WHAT THE TASK REQUIRES: Exact copy, pictures excluded: please retype the lines from the start of the material through the line containing "Convert chart to", both ends included, and nothing more.

DATA RECORDS below:

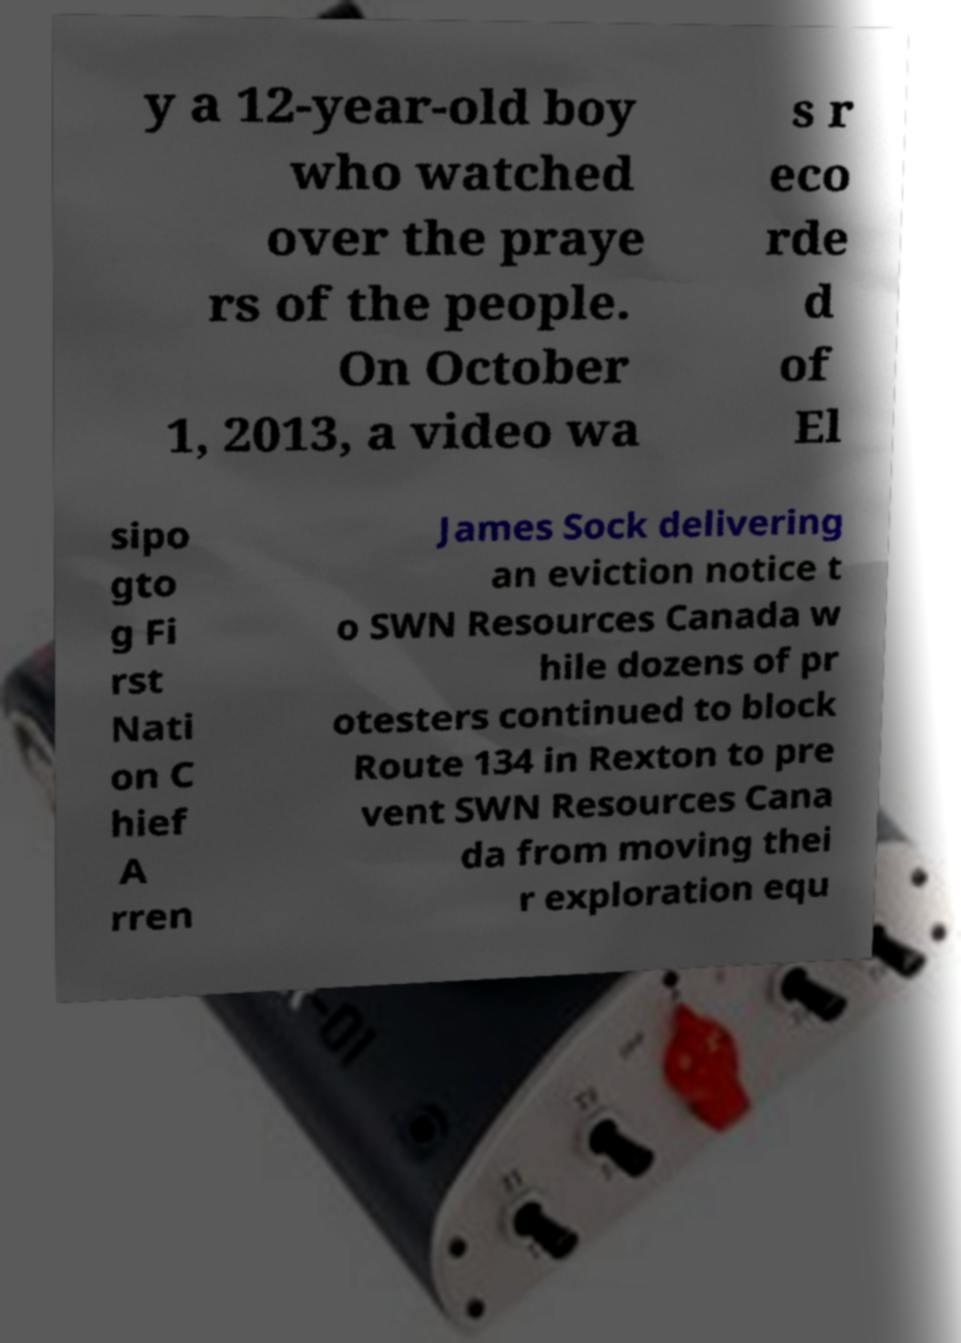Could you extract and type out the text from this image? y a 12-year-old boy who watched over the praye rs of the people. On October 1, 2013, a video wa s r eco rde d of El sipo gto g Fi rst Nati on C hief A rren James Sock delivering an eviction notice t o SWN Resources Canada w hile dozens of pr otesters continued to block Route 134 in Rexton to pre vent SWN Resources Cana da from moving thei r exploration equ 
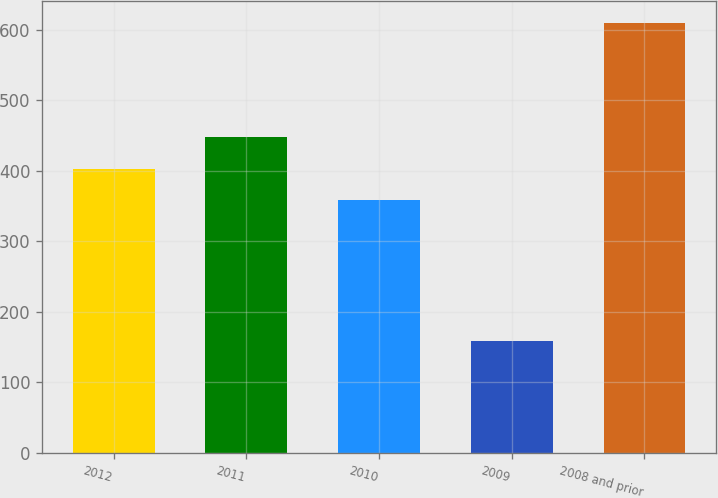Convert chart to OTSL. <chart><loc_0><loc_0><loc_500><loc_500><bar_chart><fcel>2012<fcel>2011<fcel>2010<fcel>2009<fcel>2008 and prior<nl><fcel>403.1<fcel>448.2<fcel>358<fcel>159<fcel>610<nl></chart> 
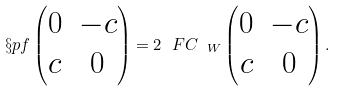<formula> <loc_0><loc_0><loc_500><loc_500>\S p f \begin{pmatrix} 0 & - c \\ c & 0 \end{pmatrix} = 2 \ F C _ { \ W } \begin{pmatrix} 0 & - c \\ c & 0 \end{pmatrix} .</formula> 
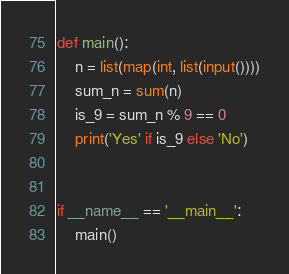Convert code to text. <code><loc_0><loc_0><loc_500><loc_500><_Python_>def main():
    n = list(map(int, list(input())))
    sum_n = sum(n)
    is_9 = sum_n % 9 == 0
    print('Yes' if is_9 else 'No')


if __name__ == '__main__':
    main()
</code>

End of DATA RECORDS.

RESPONSE AREA:
Could you extract and type out the text from this image? y a 12-year-old boy who watched over the praye rs of the people. On October 1, 2013, a video wa s r eco rde d of El sipo gto g Fi rst Nati on C hief A rren James Sock delivering an eviction notice t o SWN Resources Canada w hile dozens of pr otesters continued to block Route 134 in Rexton to pre vent SWN Resources Cana da from moving thei r exploration equ 
Convert chart to OTSL. <chart><loc_0><loc_0><loc_500><loc_500><bar_chart><fcel>2012<fcel>2011<fcel>2010<fcel>2009<fcel>2008 and prior<nl><fcel>403.1<fcel>448.2<fcel>358<fcel>159<fcel>610<nl></chart> 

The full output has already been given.